My point is that sometimes it's helpful to work with an application-specific log, like a Squid Web proxy log, instead of rebuilding everything from traffic.

Speaking of Squid, I found that the default /etc/logrotate.d/squid entry which controls /var/log/access.log rotation, contains this:

#
# Logrotate fragment for squid.
#
/var/log/squid/*.log {
daily
compress
delaycompress
rotate 2
missingok
nocreate
sharedscripts
prerotate
test ! -x /usr/sbin/sarg-maint || /usr/sbin/sarg-maint
endscript
postrotate
test ! -e /var/run/squid.pid || /usr/sbin/squid -k rotate
endscript
}

I decided to change the "rotate 2" to "rotate 30" to give me 30 days of logs. Remember this is my own network's setting, where I was duplicating my client's experience for your blog reading enjoyment. As far as my client was concerned, I did not find any evidence of compromise after checking my session and full content data for suspicious post-alert activity.

8 comments:

Anonymous said...

Good post, however, I don't understand why you would of liked to of seen a lot of alerts instead of just one. Can you help me to understand why?

Anonymous said...

Richard,

What can you tell us about that utility that looks like it's written in Tcl shown in blog_log_case_transcript.jpg?

Richard Bejtlich said...

I said I was worried because I saw one alert, not one hundred. 100 indicates a loose signature, while 1 indicates a tight signature.

Richard Bejtlich said...

The transcript was created using Tcpflow, which Sguil calls to rebuild the full content from the session or alert of interest.

Anonymous said...

That makes sense, thanks Richard.

Sometwo said...

The value is not in the data, but in the structure
Years ago, some clever person calculated that if you reduce human beings to their components of carbon, hydrogen, oxygen, and nitrogen atoms, they would be worth only 97 cents. However droll this assessment, it's misleading. People aren't composed of mere isolated collections of atoms. Our atoms combine into enzymes, proteins, hormones, and many other substances that would cost millions of dollars per ounce on the pharmaceutical market.

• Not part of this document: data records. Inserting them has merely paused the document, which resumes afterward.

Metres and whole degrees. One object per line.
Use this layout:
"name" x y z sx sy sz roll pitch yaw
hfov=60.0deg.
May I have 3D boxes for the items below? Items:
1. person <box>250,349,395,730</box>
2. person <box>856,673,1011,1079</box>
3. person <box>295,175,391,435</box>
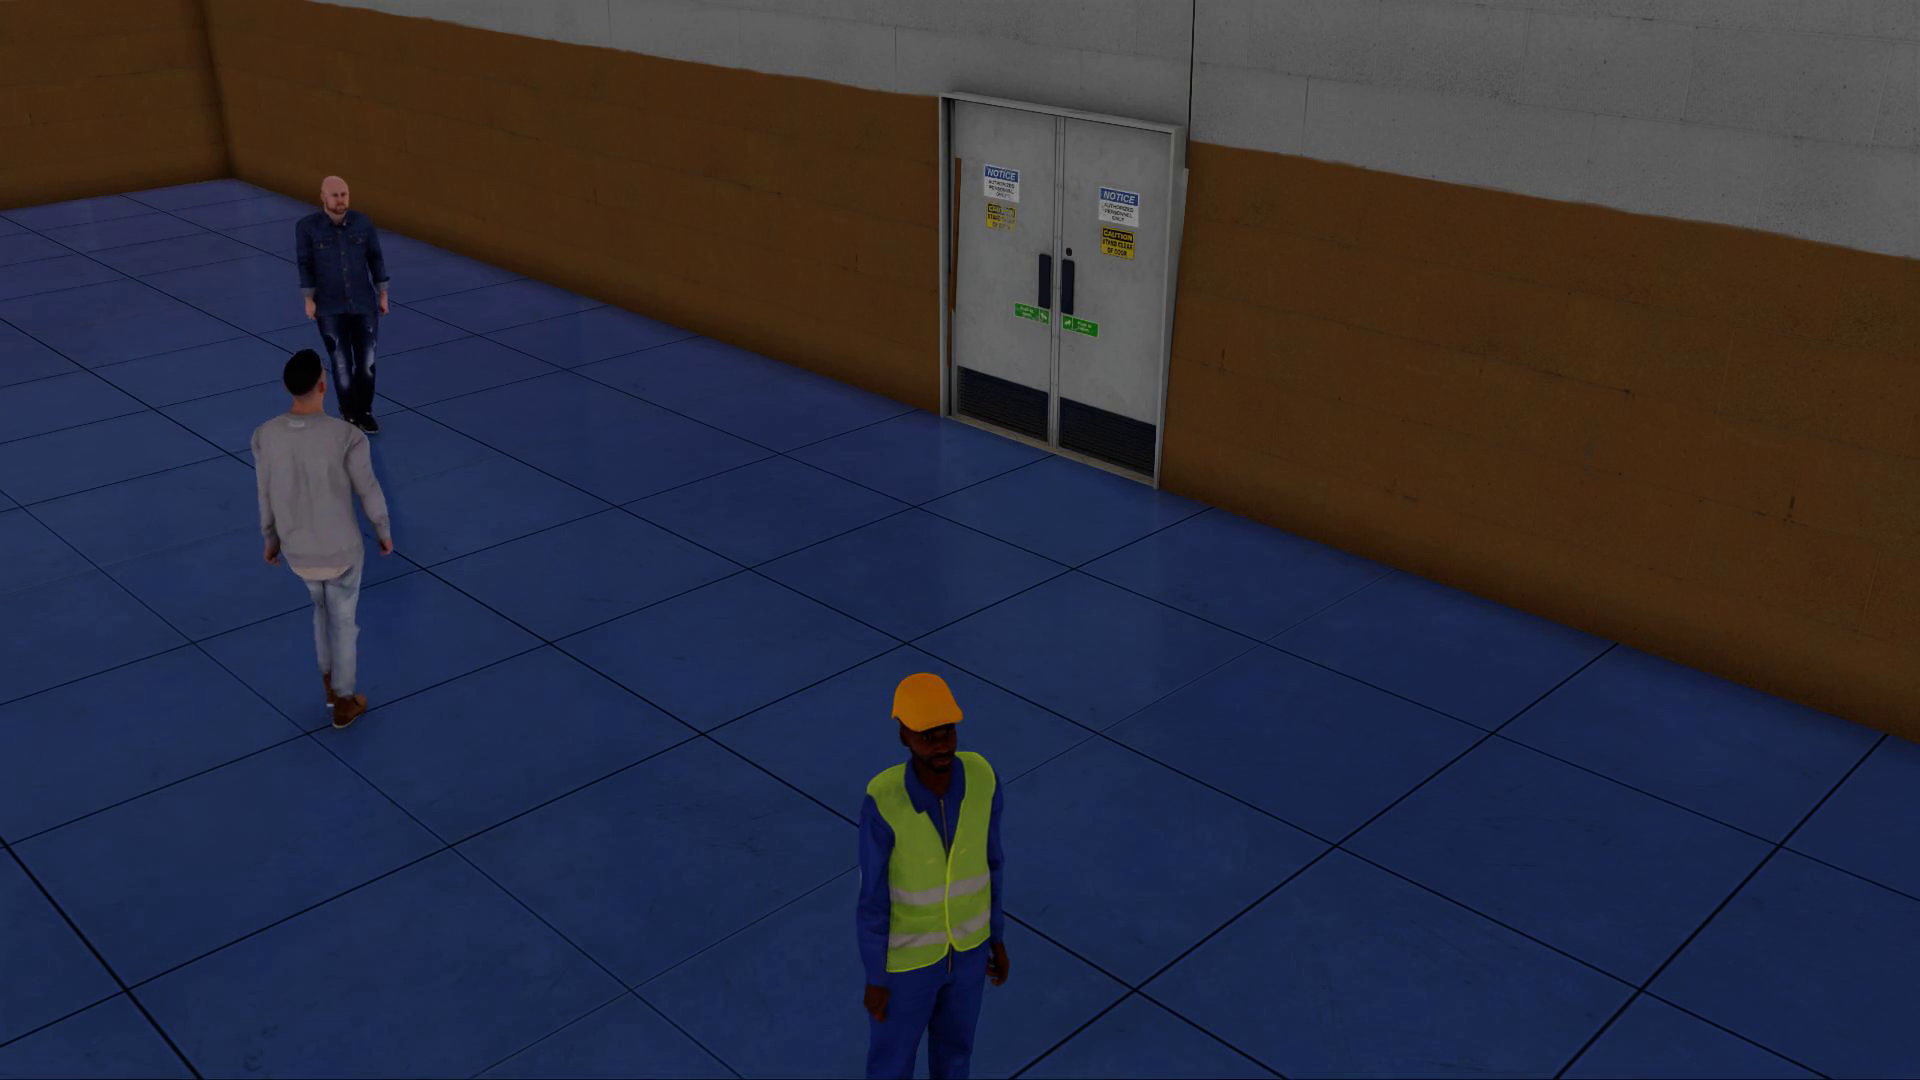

The precise structure of these combinations of atoms is what gives them greater value. By analogy, database structure makes possible the interpretation of seemingly meaningless data. The structure brings to the surface patterns, trends, and tendencies in the data. Unstructured data -- like uncombined atoms -- has little or no value.
-- SQL For Dummies 6th edition

I found this an interesting quote I read today. The more structure the data, the more valuable it is. Flat text files such as logs have little or no structure compared to NSM data when put into a database, and thus aren't as valuable.

Anonymous said...

..it's log, it's log. It's big, it's heavy, it's wood...

Sorry.. just couldn't fight the urge.

Anonymous said...
This comment has been removed by a blog administrator.